The Department of Education's request for bids was scrapped when Hutchinson entered office in January 2015. The Department of Information Systems put out a new request on Feb. 9, 2015, that did not contain the regional requirement.

It took two rounds of bidding to secure a connection for almost every school district. Only two school districts didn't receive a bid from a service provider -- the Cleveland County and Woodlawn school districts -- both based in Rison, roughly 25 miles southwest of Pine Bluff.

TDS Telecommunications -- then the local Internet service provider -- did not initially bid to do the work. However, the company sold its Cleveland County operations to ARK-O, a division of SGO Broadband based in Seneca, Mo. The department was able to work with the new owners and Windstream, which maintains a hub for other school connections in Fordyce.
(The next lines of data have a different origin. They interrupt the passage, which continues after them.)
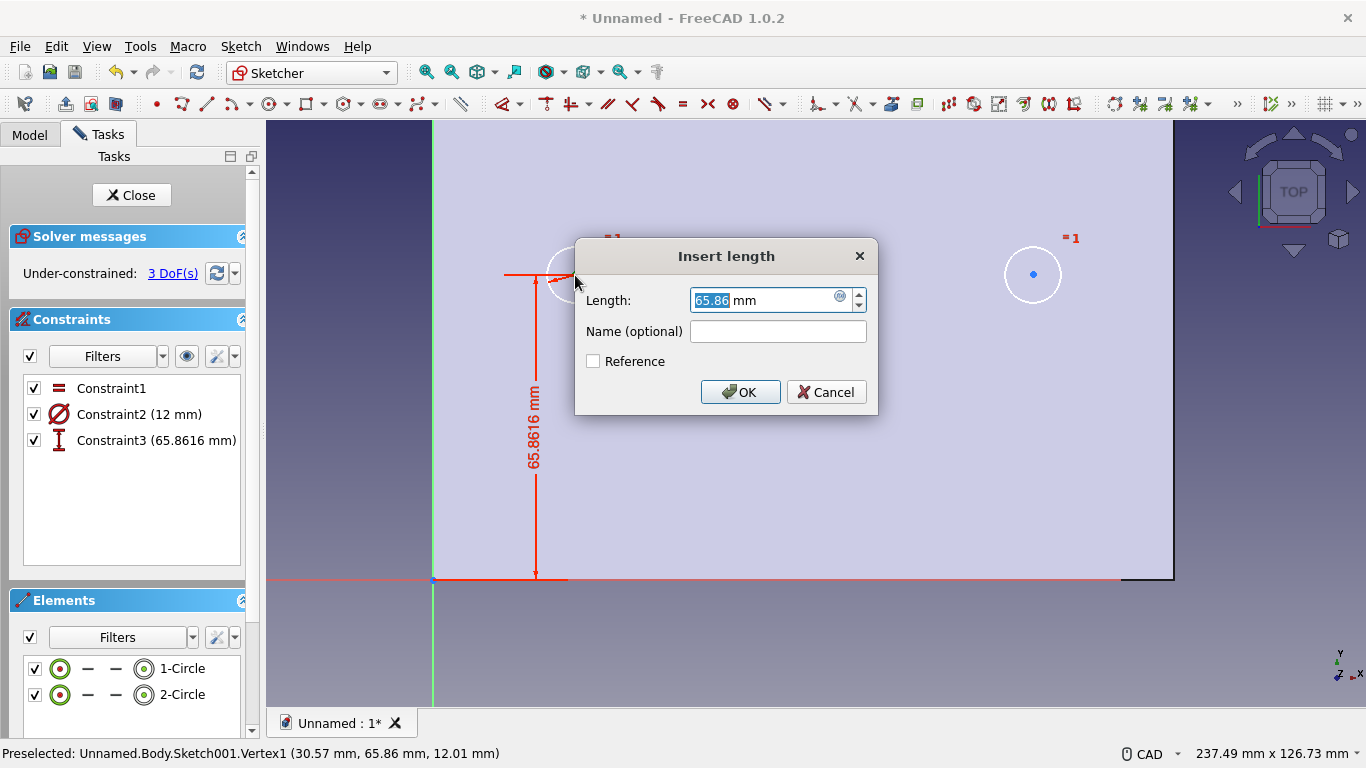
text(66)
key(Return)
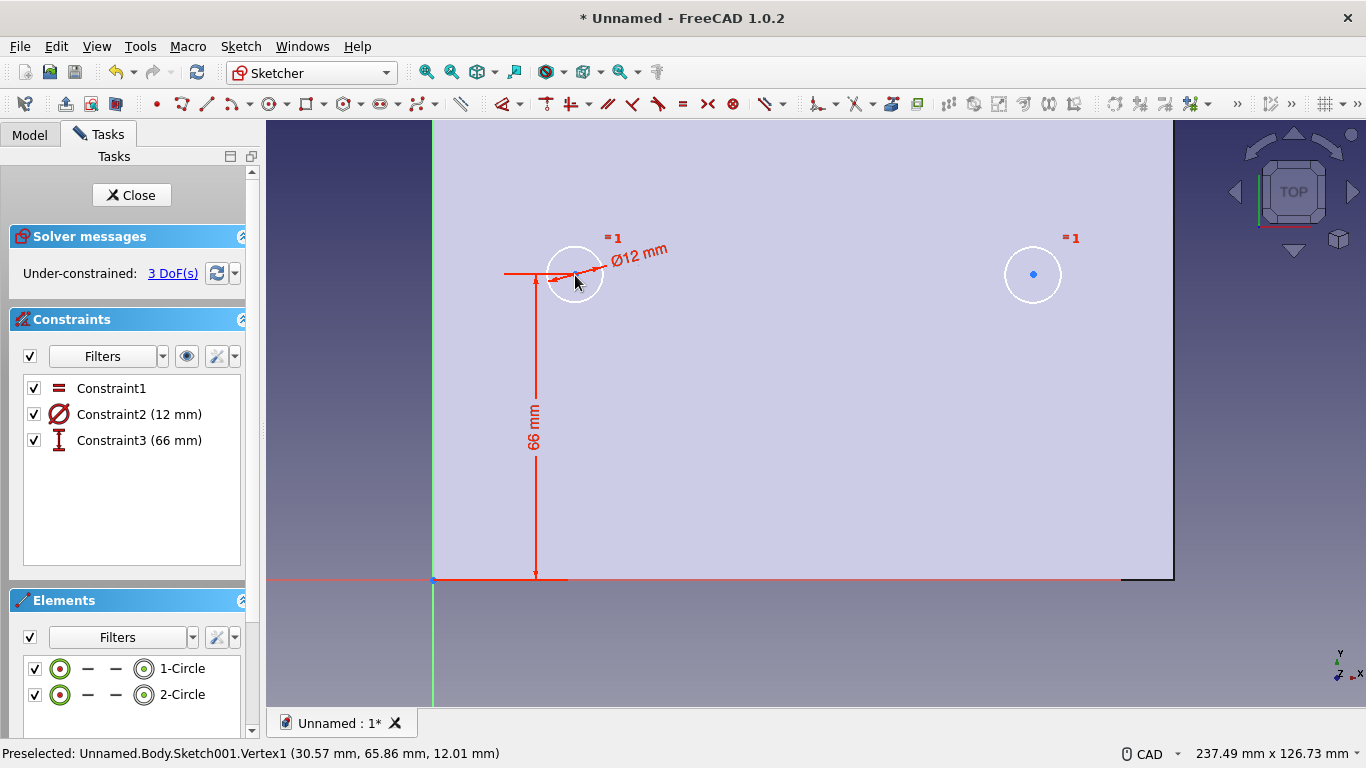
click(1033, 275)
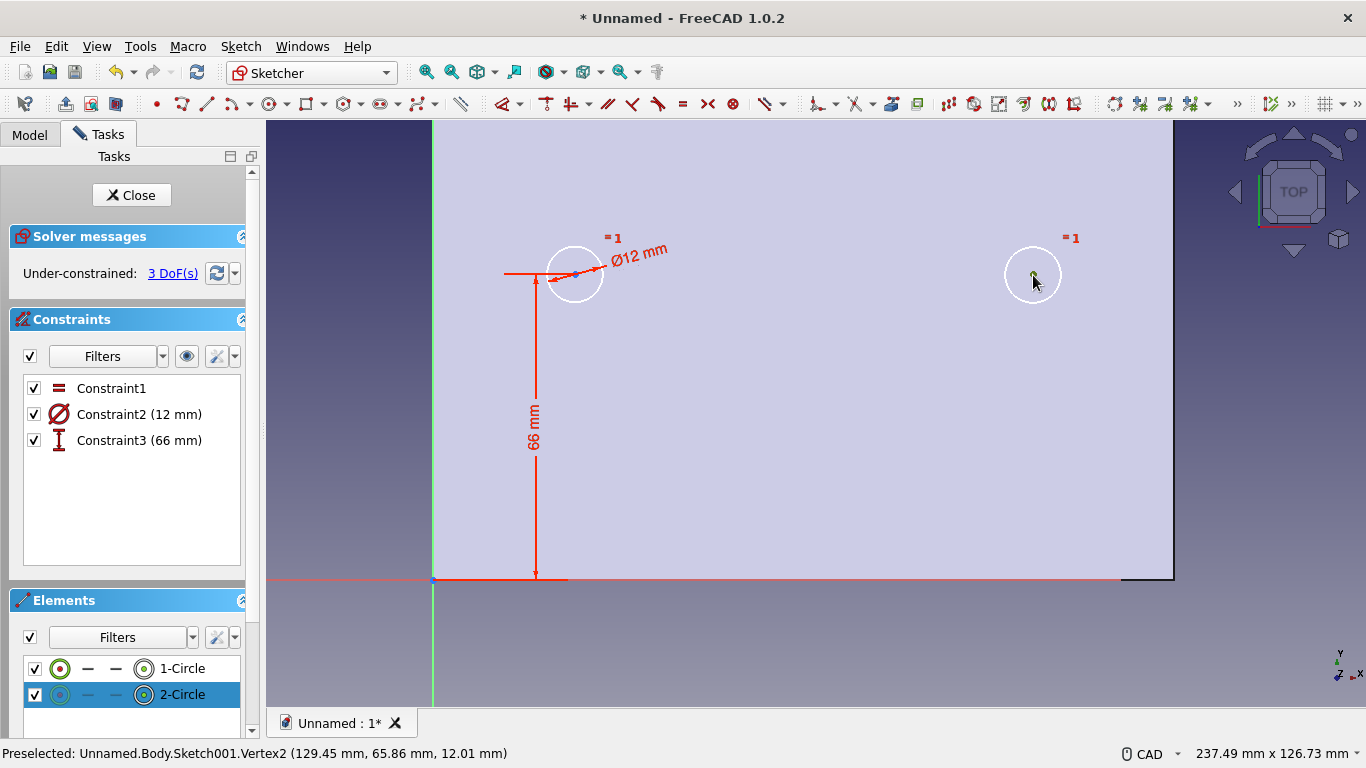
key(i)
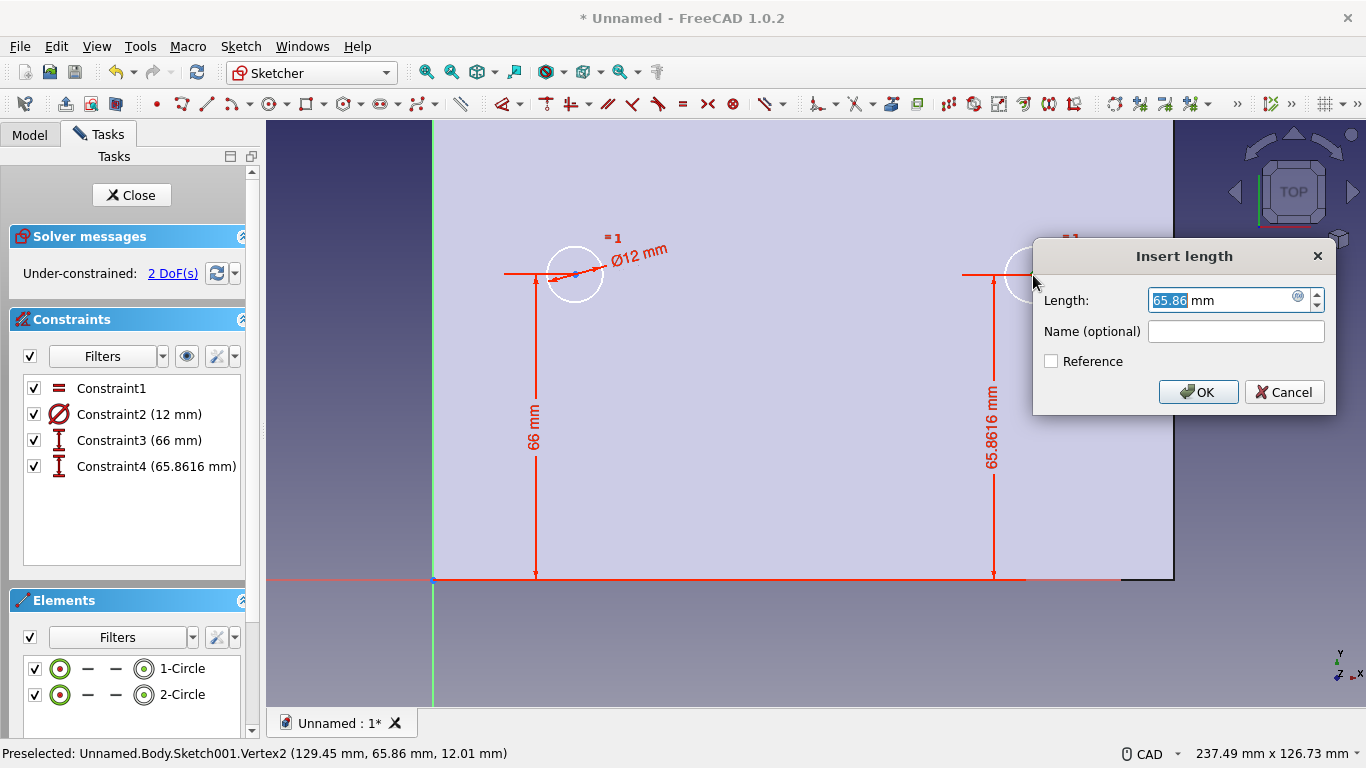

In an interview, Hutchinson said he had to persuade the Federal Communications Commission not to pull the plug on federal E-Rate funding.

"We had shifted direction a couple times in Arkansas," he said. "They were concerned that we were not spending the money wisely -- wasting money -- and we didn't have a good plan to get it done. They were frustrated with us."

Jerry Jones, chief ethics officer at Acxiom Corp. and the former chairman of Faster Arkansas -- a committee established by Beebe to study school connectivity -- said he believes that the public-network option would have been cheaper.

However, "the objective of everyone who was working on this was to obtain high-speed broadband access for the benefit of every public school student and teacher in Arkansas. That was achieved. And we're very, very pleased with that," he said.

"It was an initiative of Gov. Beebe to get it started with Faster Arkansas. I was very pleased that Gov. Hutchinson picked up the issue and drove it to completion."

Of the public network, Marwell of EducationSuperHighway said he believes that it would have been more expensive than contracting with private telecommunications providers.

Hutchinson, who noted he went to a rural school, paused when asked how having access to broadband would have affected his education.

"I'm not sure that's even explicable," he said.

"Technology has not changed education in the sense of education is a teacher with knowledge imparting information to students. That concept is always the same. But you've got to adjust to the new tools and the way kids learn today, and kids learn through technology. They learn every day. Education is continuous. It doesn't stop in the classroom. They go home, and they continue to look at the Internet."